In the embodiment of the inventive underbody structure shown in FIG. 3, the flow-impeding means are shaped as locally arranged, thermally stable fibrous material bolsters or pads 10. In this way, the air heated by the heat source 9 in the interspace 3 can escape out of this interspace 3 but the upstream self-heated external air from the engine compartment M is prevented from entering.
In a particular embodiment of the inventive underbody structure, the space between the heat shield 2 and the underbody 1 is provided with an air pervious heat insulation material 7. This heat insulation material 7 completely fills the interspace 3. It is understood that also in the above described embodiments, the interspace 3 can at least partially comprise air pervious heat insulation material 7.
The advantages of the inventive underbody structure are immediately apparent to the expert. In particular, the upstream self-heated external air 8 flowing from the engine compartment M is prevented from flowing into the interspace 3 between the heat shield 2 and the vehicle underbody 1.
Further embodiments and particular configurations of the inventive underbody structure are within the usual technical scope of the expert. Thus, depending upon the specific requirements and/or geometries, he will vary the distance between the heat shield 2 and the underbody by 5 to 20 mm, or will use a single- or multilayer heat shield 2. He can also design the blade 4 in a suitable way, in particular so that the air present in the interspace 3 is sucked out of that space. The expert will also adapt the choice of materials to the existing requirements.

Claims

1. Heat insulating underbody structure, in which a vehicle underbody (1) is provided at least partially with a heat shield (2), said heat shield being spaced from the underbody (1) so as to form an open interspace (3), wherein said underbody structure comprises flow-impeding means (4, 5, 6, 7) which impede self-heated external air (8), especially heated air from the engine compartment M, from flowing through the interspace (3).

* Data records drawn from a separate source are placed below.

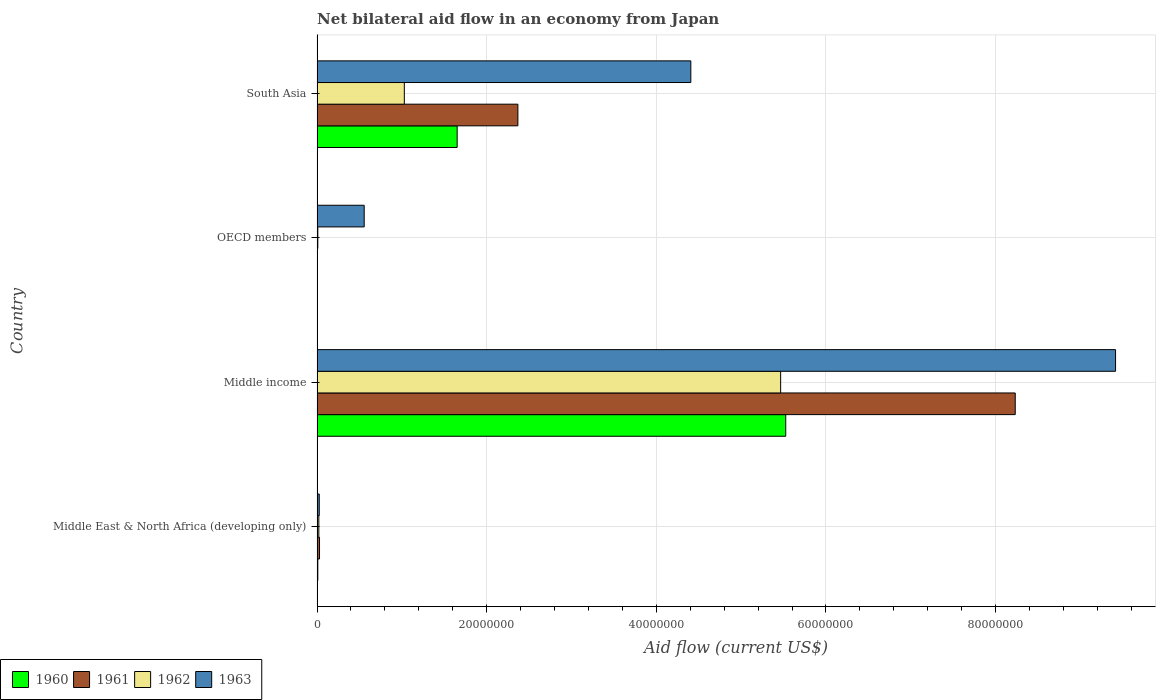How many bars are there on the 4th tick from the top?
Provide a succinct answer. 4. What is the label of the 4th group of bars from the top?
Your answer should be very brief. Middle East & North Africa (developing only). What is the net bilateral aid flow in 1960 in OECD members?
Keep it short and to the point. 3.00e+04. Across all countries, what is the maximum net bilateral aid flow in 1962?
Offer a terse response. 5.47e+07. In which country was the net bilateral aid flow in 1962 maximum?
Ensure brevity in your answer.  Middle income. What is the total net bilateral aid flow in 1960 in the graph?
Ensure brevity in your answer.  7.19e+07. What is the difference between the net bilateral aid flow in 1961 in Middle East & North Africa (developing only) and that in South Asia?
Give a very brief answer. -2.34e+07. What is the difference between the net bilateral aid flow in 1962 in South Asia and the net bilateral aid flow in 1963 in Middle income?
Offer a terse response. -8.39e+07. What is the average net bilateral aid flow in 1963 per country?
Provide a short and direct response. 3.60e+07. What is the difference between the net bilateral aid flow in 1960 and net bilateral aid flow in 1961 in OECD members?
Offer a very short reply. -2.00e+04. In how many countries, is the net bilateral aid flow in 1963 greater than 12000000 US$?
Your answer should be very brief. 2. What is the ratio of the net bilateral aid flow in 1960 in Middle East & North Africa (developing only) to that in Middle income?
Ensure brevity in your answer.  0. What is the difference between the highest and the second highest net bilateral aid flow in 1962?
Offer a terse response. 4.44e+07. What is the difference between the highest and the lowest net bilateral aid flow in 1961?
Ensure brevity in your answer.  8.23e+07. Is the sum of the net bilateral aid flow in 1960 in OECD members and South Asia greater than the maximum net bilateral aid flow in 1962 across all countries?
Your answer should be compact. No. Is it the case that in every country, the sum of the net bilateral aid flow in 1963 and net bilateral aid flow in 1962 is greater than the sum of net bilateral aid flow in 1961 and net bilateral aid flow in 1960?
Your answer should be compact. No. What does the 1st bar from the top in South Asia represents?
Keep it short and to the point. 1963. Does the graph contain grids?
Your response must be concise. Yes. Where does the legend appear in the graph?
Your response must be concise. Bottom left. How many legend labels are there?
Offer a terse response. 4. What is the title of the graph?
Your answer should be very brief. Net bilateral aid flow in an economy from Japan. What is the label or title of the X-axis?
Your answer should be compact. Aid flow (current US$). What is the Aid flow (current US$) of 1961 in Middle East & North Africa (developing only)?
Your answer should be compact. 2.90e+05. What is the Aid flow (current US$) of 1962 in Middle East & North Africa (developing only)?
Offer a very short reply. 2.10e+05. What is the Aid flow (current US$) in 1960 in Middle income?
Your answer should be compact. 5.53e+07. What is the Aid flow (current US$) in 1961 in Middle income?
Give a very brief answer. 8.23e+07. What is the Aid flow (current US$) of 1962 in Middle income?
Your answer should be compact. 5.47e+07. What is the Aid flow (current US$) in 1963 in Middle income?
Make the answer very short. 9.42e+07. What is the Aid flow (current US$) of 1960 in OECD members?
Ensure brevity in your answer.  3.00e+04. What is the Aid flow (current US$) of 1961 in OECD members?
Provide a succinct answer. 5.00e+04. What is the Aid flow (current US$) of 1962 in OECD members?
Your answer should be compact. 9.00e+04. What is the Aid flow (current US$) in 1963 in OECD members?
Offer a very short reply. 5.56e+06. What is the Aid flow (current US$) in 1960 in South Asia?
Ensure brevity in your answer.  1.65e+07. What is the Aid flow (current US$) in 1961 in South Asia?
Provide a succinct answer. 2.37e+07. What is the Aid flow (current US$) of 1962 in South Asia?
Your answer should be very brief. 1.03e+07. What is the Aid flow (current US$) of 1963 in South Asia?
Provide a succinct answer. 4.41e+07. Across all countries, what is the maximum Aid flow (current US$) in 1960?
Your answer should be compact. 5.53e+07. Across all countries, what is the maximum Aid flow (current US$) in 1961?
Offer a terse response. 8.23e+07. Across all countries, what is the maximum Aid flow (current US$) of 1962?
Give a very brief answer. 5.47e+07. Across all countries, what is the maximum Aid flow (current US$) in 1963?
Your answer should be compact. 9.42e+07. Across all countries, what is the minimum Aid flow (current US$) in 1960?
Offer a very short reply. 3.00e+04. Across all countries, what is the minimum Aid flow (current US$) in 1961?
Your answer should be very brief. 5.00e+04. What is the total Aid flow (current US$) in 1960 in the graph?
Your answer should be very brief. 7.19e+07. What is the total Aid flow (current US$) of 1961 in the graph?
Keep it short and to the point. 1.06e+08. What is the total Aid flow (current US$) in 1962 in the graph?
Keep it short and to the point. 6.52e+07. What is the total Aid flow (current US$) in 1963 in the graph?
Provide a short and direct response. 1.44e+08. What is the difference between the Aid flow (current US$) of 1960 in Middle East & North Africa (developing only) and that in Middle income?
Give a very brief answer. -5.52e+07. What is the difference between the Aid flow (current US$) in 1961 in Middle East & North Africa (developing only) and that in Middle income?
Give a very brief answer. -8.20e+07. What is the difference between the Aid flow (current US$) in 1962 in Middle East & North Africa (developing only) and that in Middle income?
Your response must be concise. -5.44e+07. What is the difference between the Aid flow (current US$) in 1963 in Middle East & North Africa (developing only) and that in Middle income?
Make the answer very short. -9.39e+07. What is the difference between the Aid flow (current US$) in 1960 in Middle East & North Africa (developing only) and that in OECD members?
Your answer should be compact. 6.00e+04. What is the difference between the Aid flow (current US$) in 1963 in Middle East & North Africa (developing only) and that in OECD members?
Make the answer very short. -5.30e+06. What is the difference between the Aid flow (current US$) of 1960 in Middle East & North Africa (developing only) and that in South Asia?
Provide a succinct answer. -1.64e+07. What is the difference between the Aid flow (current US$) of 1961 in Middle East & North Africa (developing only) and that in South Asia?
Give a very brief answer. -2.34e+07. What is the difference between the Aid flow (current US$) of 1962 in Middle East & North Africa (developing only) and that in South Asia?
Give a very brief answer. -1.01e+07. What is the difference between the Aid flow (current US$) in 1963 in Middle East & North Africa (developing only) and that in South Asia?
Provide a short and direct response. -4.38e+07. What is the difference between the Aid flow (current US$) of 1960 in Middle income and that in OECD members?
Provide a succinct answer. 5.52e+07. What is the difference between the Aid flow (current US$) in 1961 in Middle income and that in OECD members?
Offer a terse response. 8.23e+07. What is the difference between the Aid flow (current US$) in 1962 in Middle income and that in OECD members?
Make the answer very short. 5.46e+07. What is the difference between the Aid flow (current US$) of 1963 in Middle income and that in OECD members?
Provide a succinct answer. 8.86e+07. What is the difference between the Aid flow (current US$) in 1960 in Middle income and that in South Asia?
Keep it short and to the point. 3.87e+07. What is the difference between the Aid flow (current US$) in 1961 in Middle income and that in South Asia?
Make the answer very short. 5.86e+07. What is the difference between the Aid flow (current US$) in 1962 in Middle income and that in South Asia?
Make the answer very short. 4.44e+07. What is the difference between the Aid flow (current US$) in 1963 in Middle income and that in South Asia?
Offer a terse response. 5.01e+07. What is the difference between the Aid flow (current US$) in 1960 in OECD members and that in South Asia?
Your answer should be compact. -1.65e+07. What is the difference between the Aid flow (current US$) of 1961 in OECD members and that in South Asia?
Offer a terse response. -2.36e+07. What is the difference between the Aid flow (current US$) of 1962 in OECD members and that in South Asia?
Offer a terse response. -1.02e+07. What is the difference between the Aid flow (current US$) of 1963 in OECD members and that in South Asia?
Your response must be concise. -3.85e+07. What is the difference between the Aid flow (current US$) of 1960 in Middle East & North Africa (developing only) and the Aid flow (current US$) of 1961 in Middle income?
Keep it short and to the point. -8.22e+07. What is the difference between the Aid flow (current US$) of 1960 in Middle East & North Africa (developing only) and the Aid flow (current US$) of 1962 in Middle income?
Your answer should be very brief. -5.46e+07. What is the difference between the Aid flow (current US$) of 1960 in Middle East & North Africa (developing only) and the Aid flow (current US$) of 1963 in Middle income?
Ensure brevity in your answer.  -9.41e+07. What is the difference between the Aid flow (current US$) of 1961 in Middle East & North Africa (developing only) and the Aid flow (current US$) of 1962 in Middle income?
Provide a succinct answer. -5.44e+07. What is the difference between the Aid flow (current US$) in 1961 in Middle East & North Africa (developing only) and the Aid flow (current US$) in 1963 in Middle income?
Provide a succinct answer. -9.39e+07. What is the difference between the Aid flow (current US$) in 1962 in Middle East & North Africa (developing only) and the Aid flow (current US$) in 1963 in Middle income?
Ensure brevity in your answer.  -9.39e+07. What is the difference between the Aid flow (current US$) in 1960 in Middle East & North Africa (developing only) and the Aid flow (current US$) in 1961 in OECD members?
Make the answer very short. 4.00e+04. What is the difference between the Aid flow (current US$) of 1960 in Middle East & North Africa (developing only) and the Aid flow (current US$) of 1963 in OECD members?
Your answer should be very brief. -5.47e+06. What is the difference between the Aid flow (current US$) in 1961 in Middle East & North Africa (developing only) and the Aid flow (current US$) in 1963 in OECD members?
Offer a very short reply. -5.27e+06. What is the difference between the Aid flow (current US$) in 1962 in Middle East & North Africa (developing only) and the Aid flow (current US$) in 1963 in OECD members?
Offer a very short reply. -5.35e+06. What is the difference between the Aid flow (current US$) of 1960 in Middle East & North Africa (developing only) and the Aid flow (current US$) of 1961 in South Asia?
Offer a terse response. -2.36e+07. What is the difference between the Aid flow (current US$) of 1960 in Middle East & North Africa (developing only) and the Aid flow (current US$) of 1962 in South Asia?
Offer a terse response. -1.02e+07. What is the difference between the Aid flow (current US$) in 1960 in Middle East & North Africa (developing only) and the Aid flow (current US$) in 1963 in South Asia?
Your answer should be very brief. -4.40e+07. What is the difference between the Aid flow (current US$) in 1961 in Middle East & North Africa (developing only) and the Aid flow (current US$) in 1962 in South Asia?
Your answer should be compact. -1.00e+07. What is the difference between the Aid flow (current US$) of 1961 in Middle East & North Africa (developing only) and the Aid flow (current US$) of 1963 in South Asia?
Provide a succinct answer. -4.38e+07. What is the difference between the Aid flow (current US$) of 1962 in Middle East & North Africa (developing only) and the Aid flow (current US$) of 1963 in South Asia?
Keep it short and to the point. -4.39e+07. What is the difference between the Aid flow (current US$) of 1960 in Middle income and the Aid flow (current US$) of 1961 in OECD members?
Your answer should be very brief. 5.52e+07. What is the difference between the Aid flow (current US$) of 1960 in Middle income and the Aid flow (current US$) of 1962 in OECD members?
Your answer should be compact. 5.52e+07. What is the difference between the Aid flow (current US$) of 1960 in Middle income and the Aid flow (current US$) of 1963 in OECD members?
Your response must be concise. 4.97e+07. What is the difference between the Aid flow (current US$) in 1961 in Middle income and the Aid flow (current US$) in 1962 in OECD members?
Provide a short and direct response. 8.22e+07. What is the difference between the Aid flow (current US$) of 1961 in Middle income and the Aid flow (current US$) of 1963 in OECD members?
Offer a very short reply. 7.68e+07. What is the difference between the Aid flow (current US$) of 1962 in Middle income and the Aid flow (current US$) of 1963 in OECD members?
Make the answer very short. 4.91e+07. What is the difference between the Aid flow (current US$) in 1960 in Middle income and the Aid flow (current US$) in 1961 in South Asia?
Offer a terse response. 3.16e+07. What is the difference between the Aid flow (current US$) of 1960 in Middle income and the Aid flow (current US$) of 1962 in South Asia?
Provide a short and direct response. 4.50e+07. What is the difference between the Aid flow (current US$) of 1960 in Middle income and the Aid flow (current US$) of 1963 in South Asia?
Provide a succinct answer. 1.12e+07. What is the difference between the Aid flow (current US$) of 1961 in Middle income and the Aid flow (current US$) of 1962 in South Asia?
Your answer should be compact. 7.20e+07. What is the difference between the Aid flow (current US$) in 1961 in Middle income and the Aid flow (current US$) in 1963 in South Asia?
Provide a succinct answer. 3.82e+07. What is the difference between the Aid flow (current US$) in 1962 in Middle income and the Aid flow (current US$) in 1963 in South Asia?
Provide a short and direct response. 1.06e+07. What is the difference between the Aid flow (current US$) of 1960 in OECD members and the Aid flow (current US$) of 1961 in South Asia?
Give a very brief answer. -2.36e+07. What is the difference between the Aid flow (current US$) of 1960 in OECD members and the Aid flow (current US$) of 1962 in South Asia?
Your response must be concise. -1.03e+07. What is the difference between the Aid flow (current US$) in 1960 in OECD members and the Aid flow (current US$) in 1963 in South Asia?
Ensure brevity in your answer.  -4.40e+07. What is the difference between the Aid flow (current US$) in 1961 in OECD members and the Aid flow (current US$) in 1962 in South Asia?
Offer a terse response. -1.02e+07. What is the difference between the Aid flow (current US$) in 1961 in OECD members and the Aid flow (current US$) in 1963 in South Asia?
Keep it short and to the point. -4.40e+07. What is the difference between the Aid flow (current US$) of 1962 in OECD members and the Aid flow (current US$) of 1963 in South Asia?
Provide a succinct answer. -4.40e+07. What is the average Aid flow (current US$) in 1960 per country?
Your response must be concise. 1.80e+07. What is the average Aid flow (current US$) of 1961 per country?
Your answer should be compact. 2.66e+07. What is the average Aid flow (current US$) in 1962 per country?
Your response must be concise. 1.63e+07. What is the average Aid flow (current US$) in 1963 per country?
Give a very brief answer. 3.60e+07. What is the difference between the Aid flow (current US$) in 1960 and Aid flow (current US$) in 1961 in Middle East & North Africa (developing only)?
Offer a terse response. -2.00e+05. What is the difference between the Aid flow (current US$) in 1960 and Aid flow (current US$) in 1962 in Middle East & North Africa (developing only)?
Offer a very short reply. -1.20e+05. What is the difference between the Aid flow (current US$) in 1960 and Aid flow (current US$) in 1963 in Middle East & North Africa (developing only)?
Offer a very short reply. -1.70e+05. What is the difference between the Aid flow (current US$) of 1962 and Aid flow (current US$) of 1963 in Middle East & North Africa (developing only)?
Keep it short and to the point. -5.00e+04. What is the difference between the Aid flow (current US$) in 1960 and Aid flow (current US$) in 1961 in Middle income?
Offer a terse response. -2.71e+07. What is the difference between the Aid flow (current US$) in 1960 and Aid flow (current US$) in 1963 in Middle income?
Make the answer very short. -3.89e+07. What is the difference between the Aid flow (current US$) in 1961 and Aid flow (current US$) in 1962 in Middle income?
Keep it short and to the point. 2.77e+07. What is the difference between the Aid flow (current US$) in 1961 and Aid flow (current US$) in 1963 in Middle income?
Offer a very short reply. -1.18e+07. What is the difference between the Aid flow (current US$) in 1962 and Aid flow (current US$) in 1963 in Middle income?
Ensure brevity in your answer.  -3.95e+07. What is the difference between the Aid flow (current US$) in 1960 and Aid flow (current US$) in 1961 in OECD members?
Your answer should be very brief. -2.00e+04. What is the difference between the Aid flow (current US$) of 1960 and Aid flow (current US$) of 1963 in OECD members?
Offer a terse response. -5.53e+06. What is the difference between the Aid flow (current US$) in 1961 and Aid flow (current US$) in 1962 in OECD members?
Offer a terse response. -4.00e+04. What is the difference between the Aid flow (current US$) of 1961 and Aid flow (current US$) of 1963 in OECD members?
Offer a very short reply. -5.51e+06. What is the difference between the Aid flow (current US$) of 1962 and Aid flow (current US$) of 1963 in OECD members?
Provide a succinct answer. -5.47e+06. What is the difference between the Aid flow (current US$) of 1960 and Aid flow (current US$) of 1961 in South Asia?
Make the answer very short. -7.16e+06. What is the difference between the Aid flow (current US$) of 1960 and Aid flow (current US$) of 1962 in South Asia?
Offer a very short reply. 6.23e+06. What is the difference between the Aid flow (current US$) in 1960 and Aid flow (current US$) in 1963 in South Asia?
Your response must be concise. -2.76e+07. What is the difference between the Aid flow (current US$) of 1961 and Aid flow (current US$) of 1962 in South Asia?
Keep it short and to the point. 1.34e+07. What is the difference between the Aid flow (current US$) of 1961 and Aid flow (current US$) of 1963 in South Asia?
Keep it short and to the point. -2.04e+07. What is the difference between the Aid flow (current US$) of 1962 and Aid flow (current US$) of 1963 in South Asia?
Your answer should be compact. -3.38e+07. What is the ratio of the Aid flow (current US$) in 1960 in Middle East & North Africa (developing only) to that in Middle income?
Provide a short and direct response. 0. What is the ratio of the Aid flow (current US$) in 1961 in Middle East & North Africa (developing only) to that in Middle income?
Your answer should be compact. 0. What is the ratio of the Aid flow (current US$) of 1962 in Middle East & North Africa (developing only) to that in Middle income?
Give a very brief answer. 0. What is the ratio of the Aid flow (current US$) in 1963 in Middle East & North Africa (developing only) to that in Middle income?
Offer a terse response. 0. What is the ratio of the Aid flow (current US$) in 1961 in Middle East & North Africa (developing only) to that in OECD members?
Your answer should be very brief. 5.8. What is the ratio of the Aid flow (current US$) of 1962 in Middle East & North Africa (developing only) to that in OECD members?
Provide a succinct answer. 2.33. What is the ratio of the Aid flow (current US$) of 1963 in Middle East & North Africa (developing only) to that in OECD members?
Make the answer very short. 0.05. What is the ratio of the Aid flow (current US$) in 1960 in Middle East & North Africa (developing only) to that in South Asia?
Your answer should be compact. 0.01. What is the ratio of the Aid flow (current US$) in 1961 in Middle East & North Africa (developing only) to that in South Asia?
Give a very brief answer. 0.01. What is the ratio of the Aid flow (current US$) of 1962 in Middle East & North Africa (developing only) to that in South Asia?
Your answer should be compact. 0.02. What is the ratio of the Aid flow (current US$) of 1963 in Middle East & North Africa (developing only) to that in South Asia?
Give a very brief answer. 0.01. What is the ratio of the Aid flow (current US$) in 1960 in Middle income to that in OECD members?
Provide a short and direct response. 1842. What is the ratio of the Aid flow (current US$) of 1961 in Middle income to that in OECD members?
Ensure brevity in your answer.  1646.4. What is the ratio of the Aid flow (current US$) in 1962 in Middle income to that in OECD members?
Keep it short and to the point. 607.33. What is the ratio of the Aid flow (current US$) in 1963 in Middle income to that in OECD members?
Your response must be concise. 16.93. What is the ratio of the Aid flow (current US$) of 1960 in Middle income to that in South Asia?
Provide a succinct answer. 3.35. What is the ratio of the Aid flow (current US$) of 1961 in Middle income to that in South Asia?
Your answer should be compact. 3.48. What is the ratio of the Aid flow (current US$) in 1962 in Middle income to that in South Asia?
Keep it short and to the point. 5.31. What is the ratio of the Aid flow (current US$) in 1963 in Middle income to that in South Asia?
Ensure brevity in your answer.  2.14. What is the ratio of the Aid flow (current US$) in 1960 in OECD members to that in South Asia?
Offer a very short reply. 0. What is the ratio of the Aid flow (current US$) in 1961 in OECD members to that in South Asia?
Offer a very short reply. 0. What is the ratio of the Aid flow (current US$) in 1962 in OECD members to that in South Asia?
Your answer should be compact. 0.01. What is the ratio of the Aid flow (current US$) of 1963 in OECD members to that in South Asia?
Provide a succinct answer. 0.13. What is the difference between the highest and the second highest Aid flow (current US$) in 1960?
Keep it short and to the point. 3.87e+07. What is the difference between the highest and the second highest Aid flow (current US$) in 1961?
Ensure brevity in your answer.  5.86e+07. What is the difference between the highest and the second highest Aid flow (current US$) of 1962?
Your answer should be compact. 4.44e+07. What is the difference between the highest and the second highest Aid flow (current US$) in 1963?
Provide a short and direct response. 5.01e+07. What is the difference between the highest and the lowest Aid flow (current US$) of 1960?
Offer a terse response. 5.52e+07. What is the difference between the highest and the lowest Aid flow (current US$) of 1961?
Provide a short and direct response. 8.23e+07. What is the difference between the highest and the lowest Aid flow (current US$) of 1962?
Offer a terse response. 5.46e+07. What is the difference between the highest and the lowest Aid flow (current US$) of 1963?
Offer a very short reply. 9.39e+07.

2. Heat insulating underbody structure according to claim 1, wherein the flow-impeding means (4, 5, 6, 7) are partially designed as an air-impervious interspace limiter (5) which seals the interspace on its upstream side.

3. Heat insulating underbody structure according to claim 1, wherein the flow-impeding means (4, 5, 6, 7) are designed at least partially as an air-pervious interspace limiter (6).

4. Heat insulating underbody structure according to claim 2 or 3, wherein the flow-impeding means (4, 5, 6, 7) comprise a blade (4).

5. Heat insulating underbody structure according to claim 3, wherein the air-pervious interspace limiter (6) comprises thermally stable fibrous material.

6. Heat insulating underbody structure according to claim 1, wherein the interspace (3) is provided at least partially with air-pervious heat insulating material (7).

7. Heat insulating underbody structure according to claim 1, wherein the heat shield (2) is designed as a single- or multilayer heat shield.

8. Heat insulating underbody structure according to claim 1, wherein means are provided for linking the interspace (3) to cool surrounding air.

9. Heat shield (2) for use in a heat insulating underbody structure according to claim 1.